- Work order:
Scan the records below. Copy every line in which the word "starting" appears.

- Records to process:
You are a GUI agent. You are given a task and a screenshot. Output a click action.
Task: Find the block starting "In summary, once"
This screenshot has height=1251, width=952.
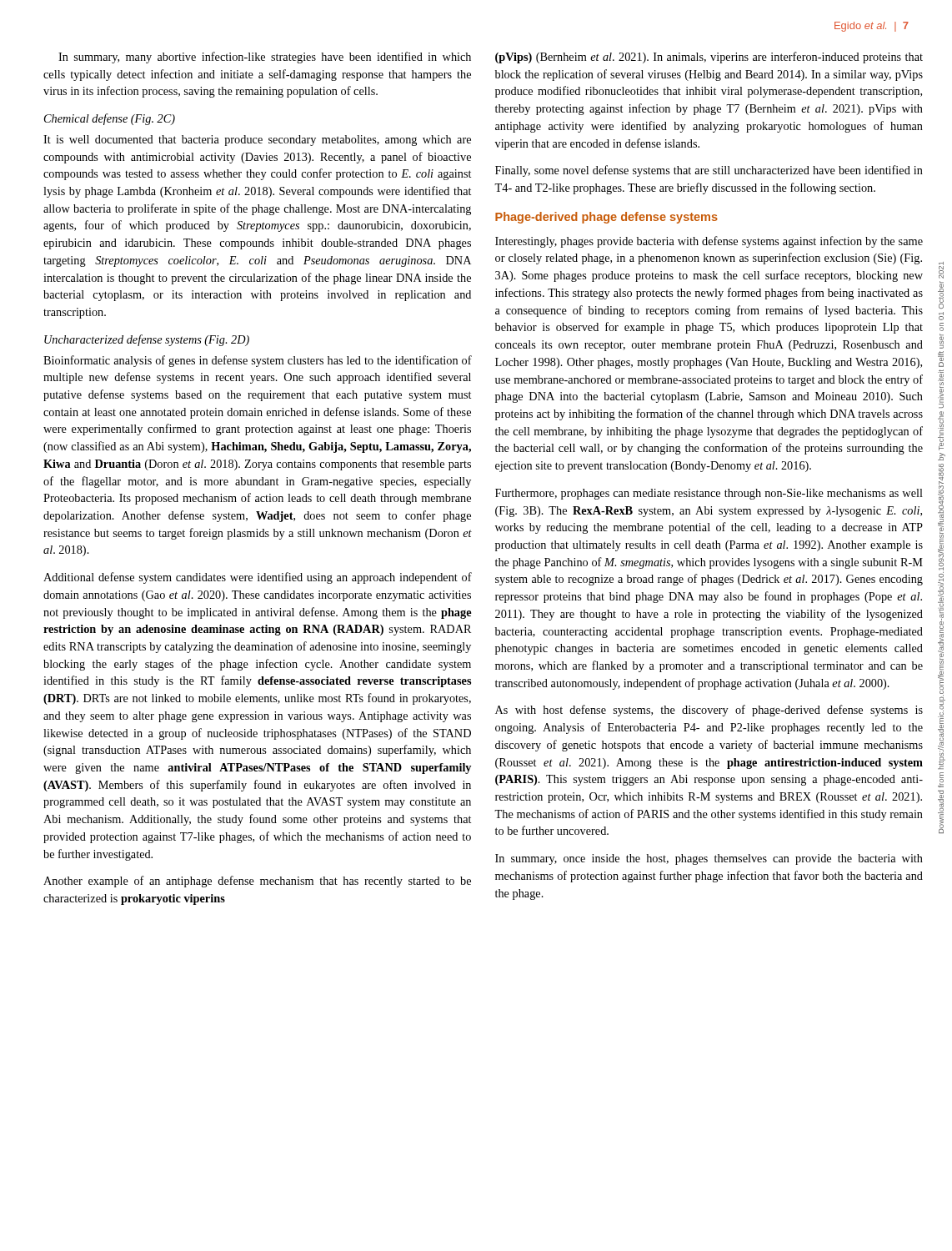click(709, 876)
* * *
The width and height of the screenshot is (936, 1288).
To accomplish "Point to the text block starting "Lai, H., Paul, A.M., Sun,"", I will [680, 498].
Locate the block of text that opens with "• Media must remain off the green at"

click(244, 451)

- Written response:
Task: Find the block starting "In summary, once"
To accomplish "Point to the text block starting "Lai, H., Paul, A.M., Sun,"", I will [680, 498].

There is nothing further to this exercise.